Above us, Cuzco was flying loops in the air, with extraordinary grace. Fray snorted, getting ready for another run.
“Tell that fat fuck,” I said to Lirilla, of Fray, “that she’s a useless lumbering fat fuck.” This was a phrase I had learned from Fray; among her kind it is considered a term of endearment. (Or so I have been led to believe; for it is what she so very often calls me.)
Lirilla vanished, and was back in the beat of a wing.
“She says that she has seen great steaming mounds of shit more active than you,” Lirilla told me.
“Cruel,” I observed.
“I think she meant it kindly,” said Lirilla, anxiously.
“Tell her,” I said, “that she’s an awkward dim-witted loose-bowelled cart-carrier.” And Lirilla vanished; and flew across the savannah so fast it was as if she were rifting through space; and whispered in Fray’s ear.
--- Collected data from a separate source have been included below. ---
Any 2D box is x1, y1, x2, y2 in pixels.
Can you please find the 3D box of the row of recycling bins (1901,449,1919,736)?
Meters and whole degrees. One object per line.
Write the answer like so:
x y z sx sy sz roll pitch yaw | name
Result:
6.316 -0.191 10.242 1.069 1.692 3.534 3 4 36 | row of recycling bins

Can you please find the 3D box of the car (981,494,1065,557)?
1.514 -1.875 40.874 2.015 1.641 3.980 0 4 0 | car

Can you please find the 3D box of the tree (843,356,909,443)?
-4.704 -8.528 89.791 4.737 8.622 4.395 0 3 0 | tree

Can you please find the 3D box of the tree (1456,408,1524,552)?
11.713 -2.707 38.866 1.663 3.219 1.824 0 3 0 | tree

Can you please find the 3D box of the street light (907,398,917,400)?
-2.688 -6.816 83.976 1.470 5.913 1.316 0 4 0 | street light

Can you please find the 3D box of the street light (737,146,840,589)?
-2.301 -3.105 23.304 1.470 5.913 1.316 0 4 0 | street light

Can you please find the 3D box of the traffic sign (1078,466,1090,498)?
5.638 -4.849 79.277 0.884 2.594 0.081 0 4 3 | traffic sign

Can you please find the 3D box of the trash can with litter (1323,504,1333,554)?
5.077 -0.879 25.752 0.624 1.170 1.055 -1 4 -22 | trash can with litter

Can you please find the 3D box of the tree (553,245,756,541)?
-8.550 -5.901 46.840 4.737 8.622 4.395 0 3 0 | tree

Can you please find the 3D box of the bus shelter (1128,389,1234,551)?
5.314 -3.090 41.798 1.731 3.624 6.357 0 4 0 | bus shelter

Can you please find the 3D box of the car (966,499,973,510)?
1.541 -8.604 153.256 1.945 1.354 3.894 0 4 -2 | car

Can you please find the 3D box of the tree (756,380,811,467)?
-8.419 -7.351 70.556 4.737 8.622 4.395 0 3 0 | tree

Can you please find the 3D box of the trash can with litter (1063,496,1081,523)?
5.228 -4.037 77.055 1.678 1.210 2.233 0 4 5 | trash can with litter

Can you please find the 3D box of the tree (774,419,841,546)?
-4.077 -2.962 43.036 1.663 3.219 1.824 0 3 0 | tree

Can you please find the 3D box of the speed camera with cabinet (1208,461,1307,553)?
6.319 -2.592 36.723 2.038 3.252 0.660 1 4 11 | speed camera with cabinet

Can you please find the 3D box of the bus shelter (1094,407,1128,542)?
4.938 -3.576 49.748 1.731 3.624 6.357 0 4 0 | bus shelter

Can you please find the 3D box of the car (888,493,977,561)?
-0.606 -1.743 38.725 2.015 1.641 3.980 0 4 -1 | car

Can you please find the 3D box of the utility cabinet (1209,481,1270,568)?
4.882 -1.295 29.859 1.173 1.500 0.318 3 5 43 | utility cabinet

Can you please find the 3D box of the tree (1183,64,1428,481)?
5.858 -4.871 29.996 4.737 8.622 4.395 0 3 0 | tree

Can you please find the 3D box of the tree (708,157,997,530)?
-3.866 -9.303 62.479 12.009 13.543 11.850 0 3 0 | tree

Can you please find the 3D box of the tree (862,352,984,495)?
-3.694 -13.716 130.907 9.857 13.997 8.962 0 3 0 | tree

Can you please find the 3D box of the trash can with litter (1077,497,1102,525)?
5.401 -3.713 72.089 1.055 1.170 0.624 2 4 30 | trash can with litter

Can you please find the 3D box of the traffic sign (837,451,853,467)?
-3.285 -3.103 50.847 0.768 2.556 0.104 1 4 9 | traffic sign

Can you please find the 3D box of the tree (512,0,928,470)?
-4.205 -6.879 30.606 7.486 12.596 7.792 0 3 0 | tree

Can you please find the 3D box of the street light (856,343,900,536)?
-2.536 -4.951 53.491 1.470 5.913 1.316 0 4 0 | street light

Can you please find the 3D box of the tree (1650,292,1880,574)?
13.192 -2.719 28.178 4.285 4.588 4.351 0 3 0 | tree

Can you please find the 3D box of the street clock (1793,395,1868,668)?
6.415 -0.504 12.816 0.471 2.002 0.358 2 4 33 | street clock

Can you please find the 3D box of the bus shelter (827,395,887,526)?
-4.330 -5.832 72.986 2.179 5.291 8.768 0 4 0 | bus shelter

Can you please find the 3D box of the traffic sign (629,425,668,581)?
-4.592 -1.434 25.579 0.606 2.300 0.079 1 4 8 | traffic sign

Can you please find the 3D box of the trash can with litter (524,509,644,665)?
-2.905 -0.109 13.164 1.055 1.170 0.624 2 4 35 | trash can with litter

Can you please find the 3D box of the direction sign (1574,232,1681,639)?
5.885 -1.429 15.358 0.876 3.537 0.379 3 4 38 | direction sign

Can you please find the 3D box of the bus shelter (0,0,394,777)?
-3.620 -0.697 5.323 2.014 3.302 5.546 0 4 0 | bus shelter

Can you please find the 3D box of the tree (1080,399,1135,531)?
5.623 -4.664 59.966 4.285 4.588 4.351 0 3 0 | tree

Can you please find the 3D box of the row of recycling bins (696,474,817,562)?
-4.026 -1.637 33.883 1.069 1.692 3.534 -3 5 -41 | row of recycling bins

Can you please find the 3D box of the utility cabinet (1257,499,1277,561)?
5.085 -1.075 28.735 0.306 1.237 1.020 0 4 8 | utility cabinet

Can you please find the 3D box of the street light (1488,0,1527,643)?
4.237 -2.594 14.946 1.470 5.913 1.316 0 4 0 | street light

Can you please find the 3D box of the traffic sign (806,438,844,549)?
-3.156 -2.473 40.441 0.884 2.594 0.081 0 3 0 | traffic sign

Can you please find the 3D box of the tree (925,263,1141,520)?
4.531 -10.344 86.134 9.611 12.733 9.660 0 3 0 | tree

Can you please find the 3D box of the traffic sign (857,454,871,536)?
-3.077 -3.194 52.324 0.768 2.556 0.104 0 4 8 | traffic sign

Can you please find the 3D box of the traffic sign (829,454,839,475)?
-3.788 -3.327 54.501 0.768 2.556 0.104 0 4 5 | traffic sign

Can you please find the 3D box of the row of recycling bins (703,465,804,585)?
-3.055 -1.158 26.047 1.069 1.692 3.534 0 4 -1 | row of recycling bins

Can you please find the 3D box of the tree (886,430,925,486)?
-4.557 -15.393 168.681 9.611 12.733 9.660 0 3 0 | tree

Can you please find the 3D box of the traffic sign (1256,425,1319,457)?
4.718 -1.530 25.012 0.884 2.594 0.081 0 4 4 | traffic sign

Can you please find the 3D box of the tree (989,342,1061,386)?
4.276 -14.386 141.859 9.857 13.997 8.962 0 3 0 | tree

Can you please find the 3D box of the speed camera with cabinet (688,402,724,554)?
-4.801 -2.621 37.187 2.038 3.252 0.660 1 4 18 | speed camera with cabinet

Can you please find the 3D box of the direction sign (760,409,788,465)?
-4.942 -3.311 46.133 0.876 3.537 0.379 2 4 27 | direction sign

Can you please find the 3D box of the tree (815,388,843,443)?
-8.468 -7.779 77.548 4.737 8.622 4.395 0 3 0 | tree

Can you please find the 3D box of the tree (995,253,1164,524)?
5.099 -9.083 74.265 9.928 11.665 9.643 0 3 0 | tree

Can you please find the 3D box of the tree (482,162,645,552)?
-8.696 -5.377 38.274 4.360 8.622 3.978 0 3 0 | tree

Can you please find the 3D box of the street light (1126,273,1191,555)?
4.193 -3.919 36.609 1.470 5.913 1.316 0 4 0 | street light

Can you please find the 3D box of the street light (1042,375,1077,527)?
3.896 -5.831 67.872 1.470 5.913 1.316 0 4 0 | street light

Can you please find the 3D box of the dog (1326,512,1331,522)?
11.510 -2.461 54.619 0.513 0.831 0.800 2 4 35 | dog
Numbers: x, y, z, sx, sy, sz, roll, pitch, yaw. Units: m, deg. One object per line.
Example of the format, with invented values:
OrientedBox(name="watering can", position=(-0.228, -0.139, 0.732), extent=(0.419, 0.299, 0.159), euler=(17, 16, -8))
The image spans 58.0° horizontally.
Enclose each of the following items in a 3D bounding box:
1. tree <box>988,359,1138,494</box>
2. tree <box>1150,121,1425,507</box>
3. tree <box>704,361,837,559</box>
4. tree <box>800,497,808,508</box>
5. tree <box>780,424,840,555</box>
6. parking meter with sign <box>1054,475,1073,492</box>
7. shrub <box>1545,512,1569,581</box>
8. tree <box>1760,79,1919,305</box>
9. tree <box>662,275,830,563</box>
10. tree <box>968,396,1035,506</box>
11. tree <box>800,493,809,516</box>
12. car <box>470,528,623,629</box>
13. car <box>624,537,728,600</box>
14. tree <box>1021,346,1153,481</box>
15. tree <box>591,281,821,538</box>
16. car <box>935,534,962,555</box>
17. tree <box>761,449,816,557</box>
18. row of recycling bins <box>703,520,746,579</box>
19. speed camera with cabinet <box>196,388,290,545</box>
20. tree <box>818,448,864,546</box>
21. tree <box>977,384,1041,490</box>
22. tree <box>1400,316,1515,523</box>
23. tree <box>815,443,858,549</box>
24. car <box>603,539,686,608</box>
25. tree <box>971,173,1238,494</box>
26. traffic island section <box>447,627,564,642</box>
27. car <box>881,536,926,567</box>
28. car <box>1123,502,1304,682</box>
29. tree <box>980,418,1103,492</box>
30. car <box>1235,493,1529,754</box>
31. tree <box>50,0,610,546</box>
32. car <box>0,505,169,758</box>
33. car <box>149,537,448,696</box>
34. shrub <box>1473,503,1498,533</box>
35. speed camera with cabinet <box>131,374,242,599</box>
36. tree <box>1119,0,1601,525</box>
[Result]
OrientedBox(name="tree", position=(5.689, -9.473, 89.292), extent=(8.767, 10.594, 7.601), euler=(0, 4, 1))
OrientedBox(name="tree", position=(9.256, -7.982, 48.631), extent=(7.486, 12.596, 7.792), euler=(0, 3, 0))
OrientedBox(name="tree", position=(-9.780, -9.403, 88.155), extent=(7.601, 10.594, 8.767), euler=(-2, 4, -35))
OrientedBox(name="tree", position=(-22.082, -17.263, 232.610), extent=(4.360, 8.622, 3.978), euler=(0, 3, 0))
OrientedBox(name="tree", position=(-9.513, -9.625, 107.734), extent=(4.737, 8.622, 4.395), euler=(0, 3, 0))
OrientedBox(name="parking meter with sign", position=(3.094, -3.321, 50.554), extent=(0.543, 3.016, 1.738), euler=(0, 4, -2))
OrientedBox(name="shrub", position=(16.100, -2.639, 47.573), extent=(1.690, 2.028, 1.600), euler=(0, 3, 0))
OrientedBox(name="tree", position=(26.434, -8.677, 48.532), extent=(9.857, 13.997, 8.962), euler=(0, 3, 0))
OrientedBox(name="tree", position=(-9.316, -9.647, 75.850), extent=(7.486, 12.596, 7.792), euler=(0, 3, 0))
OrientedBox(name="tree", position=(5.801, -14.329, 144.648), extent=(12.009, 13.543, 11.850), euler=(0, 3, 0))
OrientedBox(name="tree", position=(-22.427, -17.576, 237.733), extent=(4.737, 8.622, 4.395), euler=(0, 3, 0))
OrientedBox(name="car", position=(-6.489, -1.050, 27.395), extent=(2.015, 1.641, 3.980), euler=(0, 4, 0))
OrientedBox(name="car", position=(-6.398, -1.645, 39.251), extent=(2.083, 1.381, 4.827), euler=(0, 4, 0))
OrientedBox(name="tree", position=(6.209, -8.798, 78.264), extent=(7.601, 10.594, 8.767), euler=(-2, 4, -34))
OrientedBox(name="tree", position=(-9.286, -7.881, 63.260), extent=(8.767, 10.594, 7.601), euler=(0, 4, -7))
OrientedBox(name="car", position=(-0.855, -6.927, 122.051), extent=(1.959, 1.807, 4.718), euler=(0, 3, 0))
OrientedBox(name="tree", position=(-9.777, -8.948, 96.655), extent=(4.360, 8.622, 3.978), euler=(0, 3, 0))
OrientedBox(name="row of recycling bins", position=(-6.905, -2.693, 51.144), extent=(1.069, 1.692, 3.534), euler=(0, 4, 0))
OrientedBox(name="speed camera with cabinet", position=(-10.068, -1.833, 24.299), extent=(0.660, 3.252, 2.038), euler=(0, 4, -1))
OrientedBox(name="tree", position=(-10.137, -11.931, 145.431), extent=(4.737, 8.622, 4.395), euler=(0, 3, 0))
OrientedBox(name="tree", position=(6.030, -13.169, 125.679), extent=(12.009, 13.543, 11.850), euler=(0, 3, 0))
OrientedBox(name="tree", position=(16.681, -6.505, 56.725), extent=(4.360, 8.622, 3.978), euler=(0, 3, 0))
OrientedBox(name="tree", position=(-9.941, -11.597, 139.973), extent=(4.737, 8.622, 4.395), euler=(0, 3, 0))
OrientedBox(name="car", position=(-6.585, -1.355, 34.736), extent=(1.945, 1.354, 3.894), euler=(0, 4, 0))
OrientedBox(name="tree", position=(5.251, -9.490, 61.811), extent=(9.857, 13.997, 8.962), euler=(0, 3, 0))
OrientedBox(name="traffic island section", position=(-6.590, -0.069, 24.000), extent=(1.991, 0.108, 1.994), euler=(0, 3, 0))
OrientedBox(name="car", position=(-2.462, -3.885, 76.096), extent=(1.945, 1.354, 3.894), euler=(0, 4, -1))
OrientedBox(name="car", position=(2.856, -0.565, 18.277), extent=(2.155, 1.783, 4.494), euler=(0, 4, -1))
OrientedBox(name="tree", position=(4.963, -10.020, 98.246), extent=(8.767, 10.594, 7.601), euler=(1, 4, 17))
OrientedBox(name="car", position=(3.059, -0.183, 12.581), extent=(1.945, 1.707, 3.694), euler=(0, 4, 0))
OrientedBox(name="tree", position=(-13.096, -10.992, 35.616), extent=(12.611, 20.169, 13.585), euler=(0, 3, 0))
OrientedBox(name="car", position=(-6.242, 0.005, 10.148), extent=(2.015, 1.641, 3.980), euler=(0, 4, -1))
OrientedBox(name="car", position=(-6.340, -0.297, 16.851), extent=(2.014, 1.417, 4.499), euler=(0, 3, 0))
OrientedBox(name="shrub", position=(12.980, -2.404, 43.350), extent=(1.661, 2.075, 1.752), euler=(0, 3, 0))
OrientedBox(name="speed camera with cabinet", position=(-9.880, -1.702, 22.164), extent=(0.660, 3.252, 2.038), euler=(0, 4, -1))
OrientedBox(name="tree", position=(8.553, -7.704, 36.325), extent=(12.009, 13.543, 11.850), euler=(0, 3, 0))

From my vantage point, I could see Fray snort and roar and crash her hooves on the ground.
I looked up; Cuzco, the orange-bellied giant, was flying on updrafts of warm air, not moving his six wings at all; like a cloud made of golden armour held up by hope and poetry.
And Lirilla was back, whispering in my ear. “Watch this,” she said, quoting Fray.
I saw Fray begin another run across the savannah; hooves pounding; dust rising up in clouds; her ugly ungainly body turned into pure graceful motion as she traversed the savannah with extraordinary speed. Finally, she came to a halt, steam billowing off her hide, and pounded her hooves on the ground and stood up on her three back feet and roared.
“Tell Fray,” I said to Lirilla, “that for someone who is so-clumsy-she-falls-over-her-own-huge-tits-all-the-time, that was not at all bad.”
“Tell me your name.”
The prisoner shook his head, stubbornly. Three days had passed, and I was making little progress with him. But I was still patient. It takes time.
It always takes time.
“Tell me your name.” My voice was gentle; I was using my sweetest tones to make it clear that I was on his side, and that I cared.
“Why are you doing this to me, you bitch from Hell?” he said, in calm fearless tones that betrayed his underlying panic.
“Because I want to be your friend,” I said.
He blinked. “How could that be possible?” he said accusingly. “You destroyed my entire world!”
“Not I. They. I am like you. A captive. A slave.”
He considered this assertion; clearly considering it to be an outrageous lie.
“You are an evil ugly loathsome vomit-inducing monster,” he pointed out. “Are you telling me my enemies are even worse than you?”